DATA SUPPLIED START
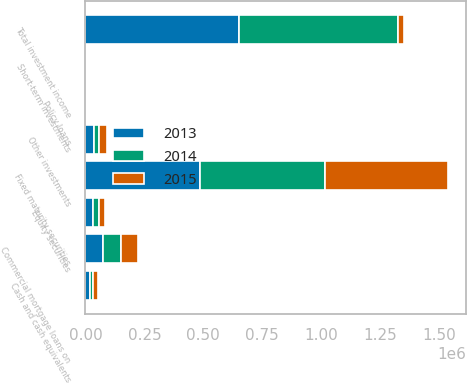Convert chart. <chart><loc_0><loc_0><loc_500><loc_500><stacked_bar_chart><ecel><fcel>Fixed maturity securities<fcel>Equity securities<fcel>Commercial mortgage loans on<fcel>Policy loans<fcel>Short-term investments<fcel>Other investments<fcel>Cash and cash equivalents<fcel>Total investment income<nl><fcel>2013<fcel>486165<fcel>29957<fcel>72658<fcel>2478<fcel>2033<fcel>37759<fcel>18416<fcel>649466<nl><fcel>2015<fcel>522309<fcel>28014<fcel>73959<fcel>2939<fcel>1950<fcel>34527<fcel>18556<fcel>28014<nl><fcel>2014<fcel>530144<fcel>27013<fcel>76665<fcel>3426<fcel>2156<fcel>20573<fcel>14679<fcel>674656<nl></chart> 
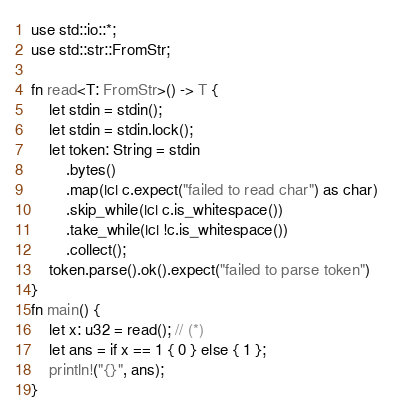Convert code to text. <code><loc_0><loc_0><loc_500><loc_500><_Rust_>use std::io::*;
use std::str::FromStr;

fn read<T: FromStr>() -> T {
    let stdin = stdin();
    let stdin = stdin.lock();
    let token: String = stdin
        .bytes()
        .map(|c| c.expect("failed to read char") as char)
        .skip_while(|c| c.is_whitespace())
        .take_while(|c| !c.is_whitespace())
        .collect();
    token.parse().ok().expect("failed to parse token")
}
fn main() {
    let x: u32 = read(); // (*)
    let ans = if x == 1 { 0 } else { 1 };
    println!("{}", ans);
}
</code> 
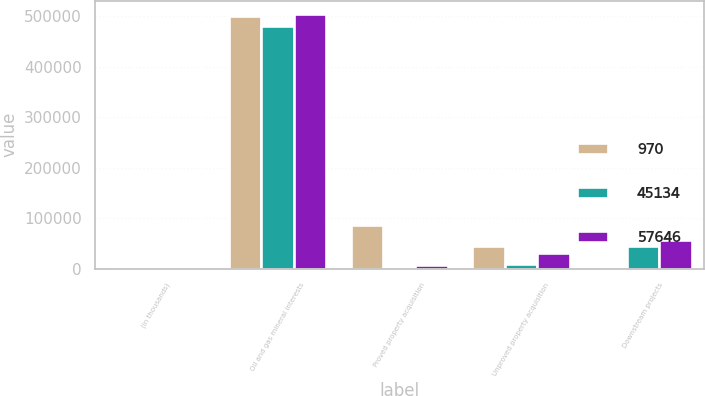Convert chart to OTSL. <chart><loc_0><loc_0><loc_500><loc_500><stacked_bar_chart><ecel><fcel>(in thousands)<fcel>Oil and gas mineral interests<fcel>Proved property acquisition<fcel>Unproved property acquisition<fcel>Downstream projects<nl><fcel>970<fcel>2004<fcel>501119<fcel>85785<fcel>44681<fcel>970<nl><fcel>45134<fcel>2003<fcel>481236<fcel>1294<fcel>10234<fcel>45134<nl><fcel>57646<fcel>2002<fcel>505464<fcel>7988<fcel>30515<fcel>57646<nl></chart> 
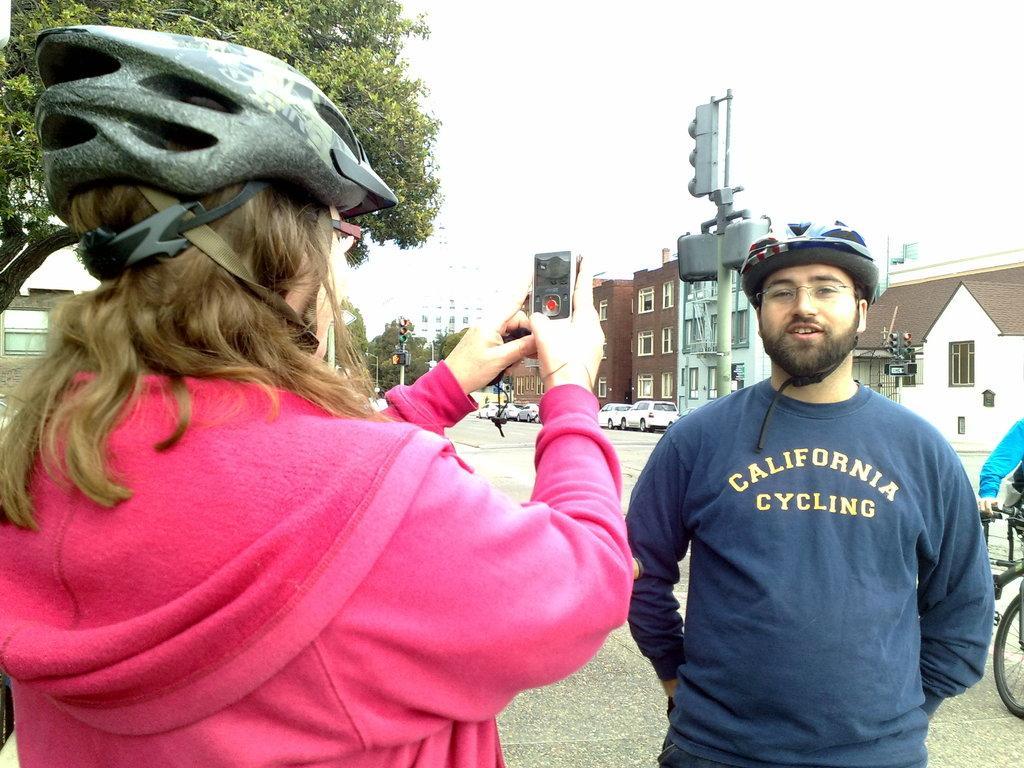Please provide a concise description of this image. In this image I can see a person wearing pink colored dress and black color helmet is standing and holding a mobile. I can see a person standing and in the background I can see few buildings, few trees, few poles, the road, few vehicles on the road, few traffic signals, a person holding a bicycle and the sky.
DATA SUPPLIED END
INSTRUCTIONS TO FOLLOW -> Can you restate all the records above word for word while dropping the pictures?

EXERCISE SOLUTION ->
Convert chart. <chart><loc_0><loc_0><loc_500><loc_500><stacked_bar_chart><ecel><fcel>Fixed maturity securities<fcel>Equity securities<fcel>Commercial mortgage loans on<fcel>Policy loans<fcel>Short-term investments<fcel>Other investments<fcel>Cash and cash equivalents<fcel>Total investment income<nl><fcel>2013<fcel>486165<fcel>29957<fcel>72658<fcel>2478<fcel>2033<fcel>37759<fcel>18416<fcel>649466<nl><fcel>2015<fcel>522309<fcel>28014<fcel>73959<fcel>2939<fcel>1950<fcel>34527<fcel>18556<fcel>28014<nl><fcel>2014<fcel>530144<fcel>27013<fcel>76665<fcel>3426<fcel>2156<fcel>20573<fcel>14679<fcel>674656<nl></chart> 
Convert code to text. <code><loc_0><loc_0><loc_500><loc_500><_Rust_>use std::io::*;
use std::str::FromStr;

fn read<T: FromStr>() -> T {
    let stdin = stdin();
    let stdin = stdin.lock();
    let token: String = stdin
        .bytes()
        .map(|c| c.expect("failed to read char") as char)
        .skip_while(|c| c.is_whitespace())
        .take_while(|c| !c.is_whitespace())
        .collect();
    token.parse().ok().expect("failed to parse token")
}
fn main() {
    let x: u32 = read(); // (*)
    let ans = if x == 1 { 0 } else { 1 };
    println!("{}", ans);
}
</code> 
Convert chart to OTSL. <chart><loc_0><loc_0><loc_500><loc_500><stacked_bar_chart><ecel><fcel>(in thousands)<fcel>Oil and gas mineral interests<fcel>Proved property acquisition<fcel>Unproved property acquisition<fcel>Downstream projects<nl><fcel>970<fcel>2004<fcel>501119<fcel>85785<fcel>44681<fcel>970<nl><fcel>45134<fcel>2003<fcel>481236<fcel>1294<fcel>10234<fcel>45134<nl><fcel>57646<fcel>2002<fcel>505464<fcel>7988<fcel>30515<fcel>57646<nl></chart> 
Please provide a concise description of this image. In this image I can see a person wearing pink colored dress and black color helmet is standing and holding a mobile. I can see a person standing and in the background I can see few buildings, few trees, few poles, the road, few vehicles on the road, few traffic signals, a person holding a bicycle and the sky.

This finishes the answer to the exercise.